**ACTIVITY**. Among the records below, determine how many lines have the word "gelegd" in them; output only the number.

**Dataset entries**.
- Opening Delimiter -

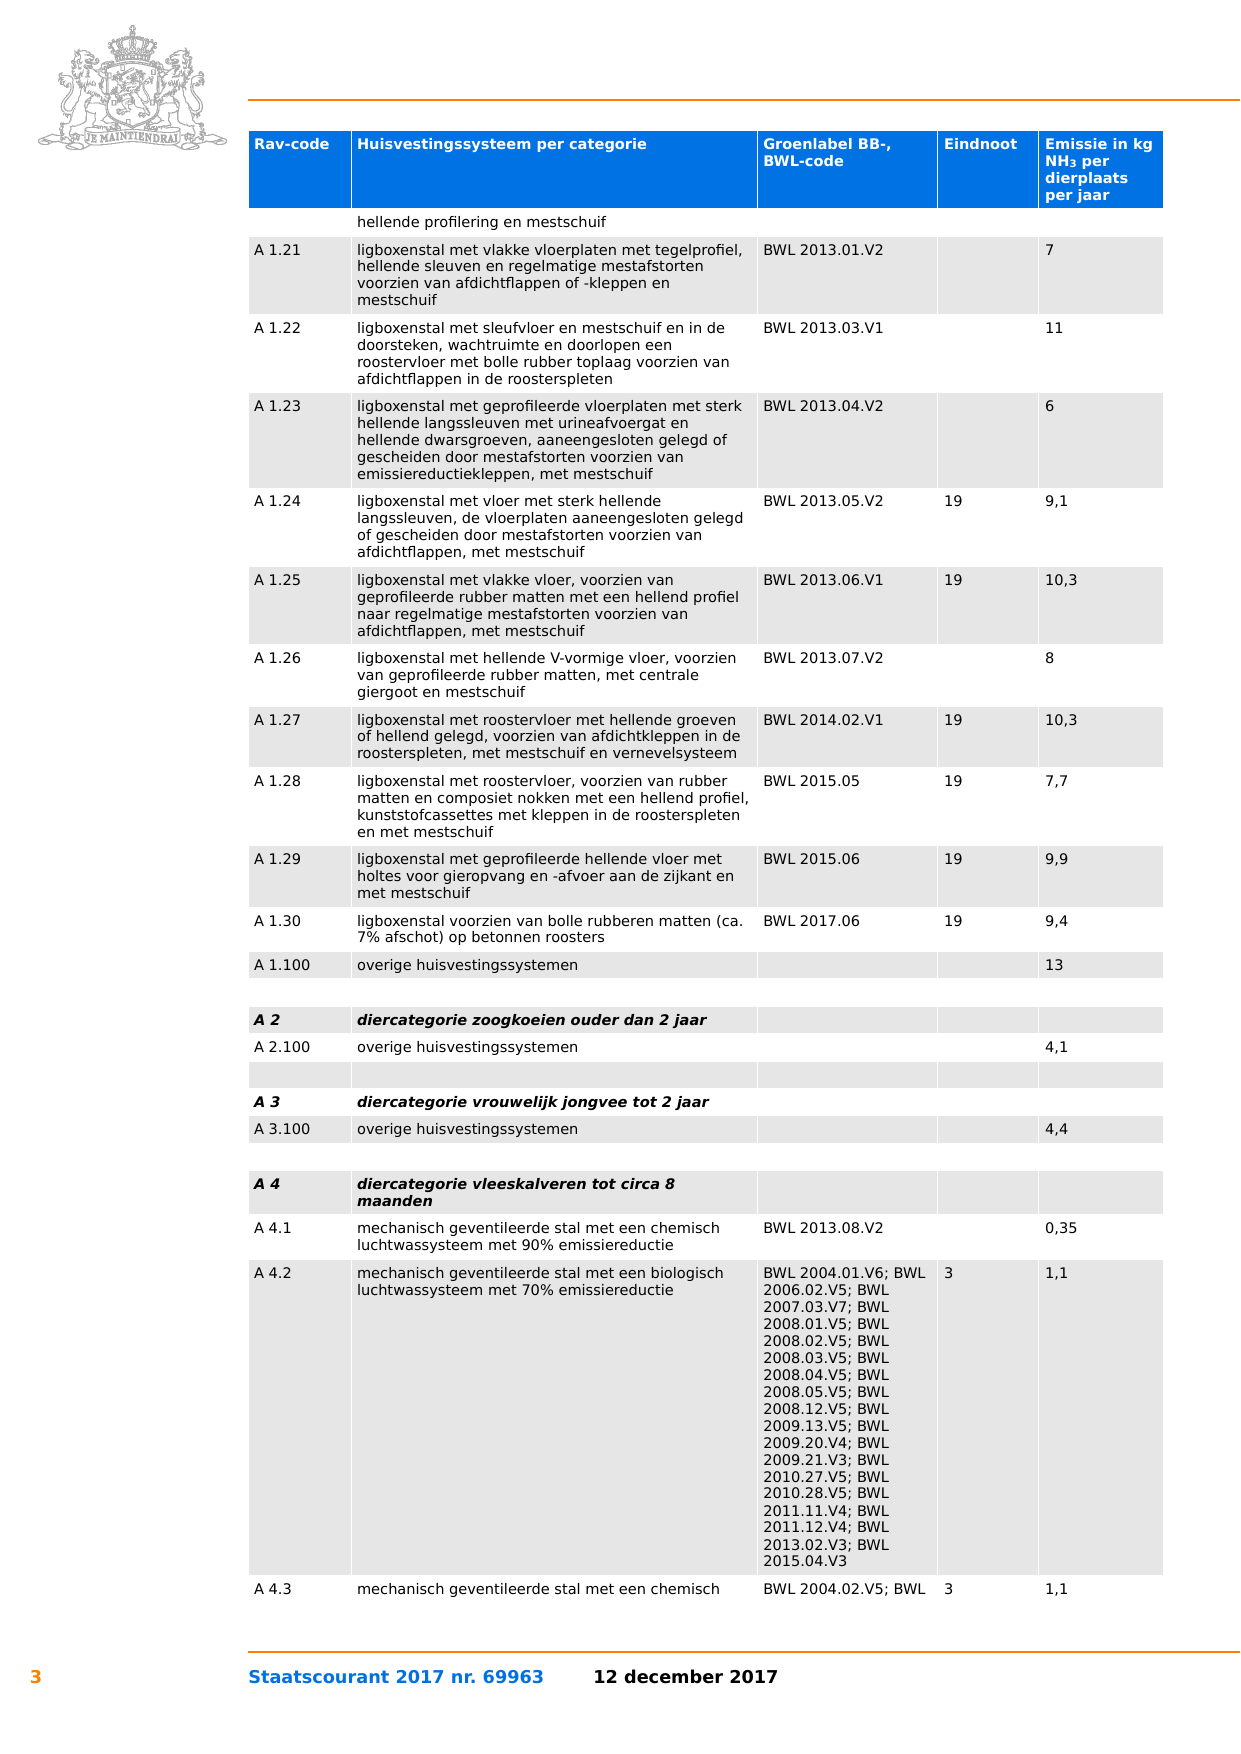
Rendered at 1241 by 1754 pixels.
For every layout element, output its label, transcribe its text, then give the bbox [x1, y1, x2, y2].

table_cell 19 [938, 908, 1038, 951]
table_cell ligboxenstal met roostervloer, voorzien van rubber matten en composiet nokken met een hellend profiel, kunststofcassettes met kleppen in de roosterspleten en met mestschuif [352, 768, 757, 845]
table_cell hellende profilering en mestschuif [352, 209, 757, 236]
table_cell 1,1 [1039, 1576, 1163, 1602]
table_cell [758, 1007, 937, 1033]
table_cell [938, 1171, 1038, 1214]
table_cell BWL 2015.05 [758, 768, 937, 845]
table_cell diercategorie zoogkoeien ouder dan 2 jaar [352, 1007, 757, 1033]
table_cell ligboxenstal met geprofileerde hellende vloer met holtes voor gieropvang en -afvoer aan de zijkant en met mestschuif [352, 846, 757, 907]
table_cell 19 [938, 567, 1038, 644]
table_cell A 4.3 [249, 1576, 351, 1602]
table_cell 6 [1039, 393, 1163, 488]
table_cell ligboxenstal voorzien van bolle rubberen matten (ca. 7% afschot) op betonnen roosters [352, 908, 757, 951]
table_cell [938, 1116, 1038, 1143]
table_cell BWL 2017.06 [758, 908, 937, 951]
table_cell BWL 2013.08.V2 [758, 1216, 937, 1259]
table_cell A 1.28 [249, 768, 351, 845]
table_cell A 2.100 [249, 1034, 351, 1061]
table_cell 10,3 [1039, 567, 1163, 644]
table_cell 1,1 [1039, 1260, 1163, 1575]
table_cell [249, 209, 351, 236]
table_cell [352, 1062, 757, 1088]
table_cell 9,4 [1039, 908, 1163, 951]
table_cell 0,35 [1039, 1216, 1163, 1259]
table_cell BWL 2004.02.V5; BWL [758, 1576, 937, 1602]
table_cell A 1.29 [249, 846, 351, 907]
table_cell [758, 209, 937, 236]
table_cell ligboxenstal met vloer met sterk hellende langssleuven, de vloerplaten aaneengesloten gelegd of gescheiden door mestafstorten voorzien van afdichtflappen, met mestschuif [352, 489, 757, 566]
table_cell 13 [1039, 952, 1163, 978]
table_cell [938, 237, 1038, 314]
table_cell BWL 2013.01.V2 [758, 237, 937, 314]
table_cell 7 [1039, 237, 1163, 314]
table_cell BWL 2013.05.V2 [758, 489, 937, 566]
table_cell 4,4 [1039, 1116, 1163, 1143]
table_header Groenlabel BB-, BWL-code [758, 131, 937, 208]
table_cell 8 [1039, 645, 1163, 706]
table_cell [938, 1062, 1038, 1088]
table_cell [1039, 1089, 1163, 1115]
table_cell [938, 1216, 1038, 1259]
table_cell 19 [938, 707, 1038, 767]
table_cell BWL 2013.03.V1 [758, 315, 937, 392]
table_cell 9,1 [1039, 489, 1163, 566]
picture [38, 25, 227, 150]
table_cell [249, 1144, 351, 1170]
table_cell BWL 2015.06 [758, 846, 937, 907]
table_cell BWL 2013.04.V2 [758, 393, 937, 488]
table_cell diercategorie vrouwelijk jongvee tot 2 jaar [352, 1089, 757, 1115]
table_cell 19 [938, 768, 1038, 845]
table_cell [938, 315, 1038, 392]
table_cell [1039, 1062, 1163, 1088]
table_cell [938, 393, 1038, 488]
table_cell BWL 2013.06.V1 [758, 567, 937, 644]
table_cell 4,1 [1039, 1034, 1163, 1061]
table_cell ligboxenstal met hellende V-vormige vloer, voorzien van geprofileerde rubber matten, met centrale giergoot en mestschuif [352, 645, 757, 706]
table_cell A 1.24 [249, 489, 351, 566]
table_cell [758, 1116, 937, 1143]
table_cell [758, 1034, 937, 1061]
table_cell [352, 1144, 757, 1170]
table_cell A 1.23 [249, 393, 351, 488]
table_cell A 1.22 [249, 315, 351, 392]
table_cell mechanisch geventileerde stal met een biologisch luchtwassysteem met 70% emissiereductie [352, 1260, 757, 1575]
table_cell [758, 952, 937, 978]
table_cell [249, 1062, 351, 1088]
table_cell overige huisvestingssystemen [352, 952, 757, 978]
table_cell ligboxenstal met roostervloer met hellende groeven of hellend gelegd, voorzien van afdichtkleppen in de roosterspleten, met mestschuif en vernevelsysteem [352, 707, 757, 767]
table_cell ligboxenstal met geprofileerde vloerplaten met sterk hellende langssleuven met urineafvoergat en hellende dwarsgroeven, aaneengesloten gelegd of gescheiden door mestafstorten voorzien van emissiereductiekleppen, met mestschuif [352, 393, 757, 488]
table_cell A 1.26 [249, 645, 351, 706]
table_cell A 1.100 [249, 952, 351, 978]
table_cell A 2 [249, 1007, 351, 1033]
table_header Rav-code [249, 131, 351, 208]
table_cell [352, 980, 757, 1006]
table_cell [249, 980, 351, 1006]
table_cell [938, 645, 1038, 706]
table_cell A 4.1 [249, 1216, 351, 1259]
table_cell ligboxenstal met vlakke vloer, voorzien van geprofileerde rubber matten met een hellend profiel naar regelmatige mestafstorten voorzien van afdichtflappen, met mestschuif [352, 567, 757, 644]
table_cell 19 [938, 846, 1038, 907]
table_header Huisvestingssysteem per categorie [352, 131, 757, 208]
table_cell A 1.21 [249, 237, 351, 314]
table_cell [1039, 209, 1163, 236]
table_cell [758, 1171, 937, 1214]
table_cell overige huisvestingssystemen [352, 1116, 757, 1143]
table_cell [1039, 980, 1163, 1006]
table_cell BWL 2004.01.V6; BWL 2006.02.V5; BWL 2007.03.V7; BWL 2008.01.V5; BWL 2008.02.V5; BWL 2008.03.V5; BWL 2008.04.V5; BWL 2008.05.V5; BWL 2008.12.V5; BWL 2009.13.V5; BWL 2009.20.V4; BWL 2009.21.V3; BWL 2010.27.V5; BWL 2010.28.V5; BWL 2011.11.V4; BWL 2011.12.V4; BWL 2013.02.V3; BWL 2015.04.V3 [758, 1260, 937, 1575]
table_cell [938, 1144, 1038, 1170]
table_cell [1039, 1171, 1163, 1214]
table_cell A 3.100 [249, 1116, 351, 1143]
table_cell A 1.30 [249, 908, 351, 951]
table_cell [1039, 1144, 1163, 1170]
table_cell A 3 [249, 1089, 351, 1115]
table_cell [758, 980, 937, 1006]
table_cell [758, 1144, 937, 1170]
table_cell BWL 2013.07.V2 [758, 645, 937, 706]
table_cell 3 [938, 1260, 1038, 1575]
table_cell overige huisvestingssystemen [352, 1034, 757, 1061]
table_cell A 1.27 [249, 707, 351, 767]
table_cell 7,7 [1039, 768, 1163, 845]
table_cell 3 [938, 1576, 1038, 1602]
table_cell [938, 1007, 1038, 1033]
table_cell ligboxenstal met sleufvloer en mestschuif en in de doorsteken, wachtruimte en doorlopen een roostervloer met bolle rubber toplaag voorzien van afdichtflappen in de roosterspleten [352, 315, 757, 392]
table_cell [938, 1089, 1038, 1115]
table_cell A 1.25 [249, 567, 351, 644]
table_cell mechanisch geventileerde stal met een chemisch luchtwassysteem met 90% emissiereductie [352, 1216, 757, 1259]
table_cell [938, 952, 1038, 978]
table_cell 10,3 [1039, 707, 1163, 767]
table_cell diercategorie vleeskalveren tot circa 8 maanden [352, 1171, 757, 1214]
table_cell [758, 1089, 937, 1115]
table_cell mechanisch geventileerde stal met een chemisch [352, 1576, 757, 1602]
table_cell BWL 2014.02.V1 [758, 707, 937, 767]
table_cell [1039, 1007, 1163, 1033]
table_cell A 4.2 [249, 1260, 351, 1575]
table_cell [938, 1034, 1038, 1061]
table_cell [758, 1062, 937, 1088]
table_header Emissie in kg NH3 per dierplaats per jaar [1039, 131, 1163, 208]
table_cell 19 [938, 489, 1038, 566]
table_header Eindnoot [938, 131, 1038, 208]
table_cell 11 [1039, 315, 1163, 392]
table_cell [938, 209, 1038, 236]
table_cell 9,9 [1039, 846, 1163, 907]
table_cell A 4 [249, 1171, 351, 1214]
table_cell ligboxenstal met vlakke vloerplaten met tegelprofiel, hellende sleuven en regelmatige mestafstorten voorzien van afdichtflappen of -kleppen en mestschuif [352, 237, 757, 314]
table_cell [938, 980, 1038, 1006]

- Closing Delimiter -

**SOLUTION TO THIS EXERCISE**. 3